Determine the pH of a solution that is generated when 2.623 g Na3PO4 is added to a 100mL of 0.0800 M H3PO4.
I would use
k1k2k3 = (H^+)^3(PO4^3-)/(H3PO4)
Plug in for PO4^3- and H3PO4 and solve for (H^+) then convert to pH.
I use the Given concentrations? and solve for [H3O]?
right. mols Na3PO4 = grams/molar mass and M = mols/L solution.
H3PO4 is given.
Solve for H^+ and convert to pH.
To determine the pH of the solution, you need to consider the dissociation reactions of both Na3PO4 and H3PO4.
First, let's start with Na3PO4. Na3PO4 is a salt composed of sodium ions (Na+) and phosphate ions (PO4^3-). When Na3PO4 dissolves in water, it dissociates completely into its ions:
Na3PO4 -> 3Na+ + PO4^3-
Since sodium ions do not act as acids or bases in water, we can ignore them in the pH calculation.
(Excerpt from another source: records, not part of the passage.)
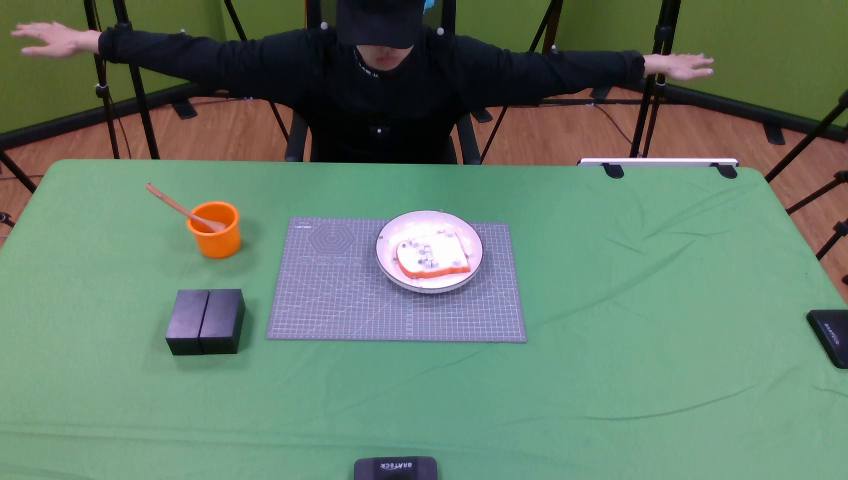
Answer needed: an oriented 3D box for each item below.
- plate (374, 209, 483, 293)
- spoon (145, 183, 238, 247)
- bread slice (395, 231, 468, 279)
[{"bbox_3d":[0.009,0.024,1.160,0.209,0.038,0.208,2,46,-2],"label":"plate"},{"bbox_3d":[-0.424,-0.045,1.114,0.195,0.021,0.041,34,40,-28],"label":"spoon"},{"bbox_3d":[0.011,0.030,1.159,0.132,0.019,0.104,-8,47,-14],"label":"bread slice"}]
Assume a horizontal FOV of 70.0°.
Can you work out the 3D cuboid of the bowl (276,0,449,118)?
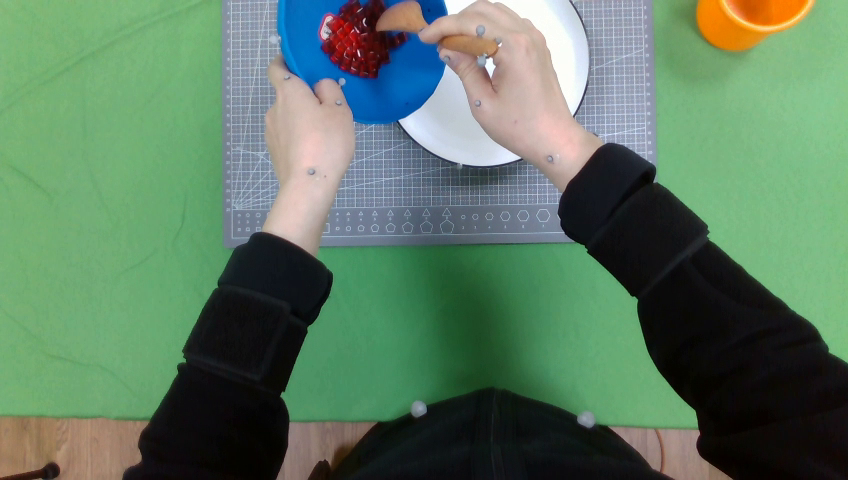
[{"bbox_3d":[-0.062,-0.180,0.514,0.152,0.076,0.152,-8,104,-31],"label":"bowl"}]

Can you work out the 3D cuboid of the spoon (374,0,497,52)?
[{"bbox_3d":[0.006,-0.160,0.449,0.041,0.191,0.022,-36,128,-6],"label":"spoon"}]

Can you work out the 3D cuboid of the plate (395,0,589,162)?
[{"bbox_3d":[0.059,-0.181,0.611,0.209,0.038,0.209,0,88,3],"label":"plate"}]

Therefore, we will focus on the phosphate ion (PO4^3-).
Next, let's consider H3PO4. H3PO4 is a weak acid and will partially dissociate in water:
H3PO4 + H2O -> H2PO4- + H3O+
This reaction establishes an equilibrium, and the concentration of H3O+ ions determines the pH of the solution.
Now, let's calculate the amount of H3PO4 in moles. We know that the volume of the H3PO4 solution is 100 mL, and the concentration of H3PO4 is 0.0800 M. Therefore, the number of moles of H3PO4 is:
moles H3PO4 = concentration H3PO4 x volume H3PO4 solution
= 0.0800 mol/L x 0.100 L
= 0.00800 mol
Next, we need to determine the concentration of the H3O+ ions at equilibrium. Since H3PO4 is a weak acid, we can assume that most of it remains undissociated. Therefore, the concentration of H3O+ ions will be approximately equal to the concentration of H3PO4 initially added.
Now, let's calculate the concentration of the H3O+ ions:
concentration H3O+ = concentration H3PO4
= 0.00800 M
Finally, to determine the pH, we need to calculate the negative logarithm (base 10) of the H3O+ concentration:
pH = -log[H3O+]
= -log(0.00800)
= 2.10
Therefore, the pH of the solution generated when 2.623 g Na3PO4 is added to 100 mL of 0.0800 M H3PO4 is approximately 2.10.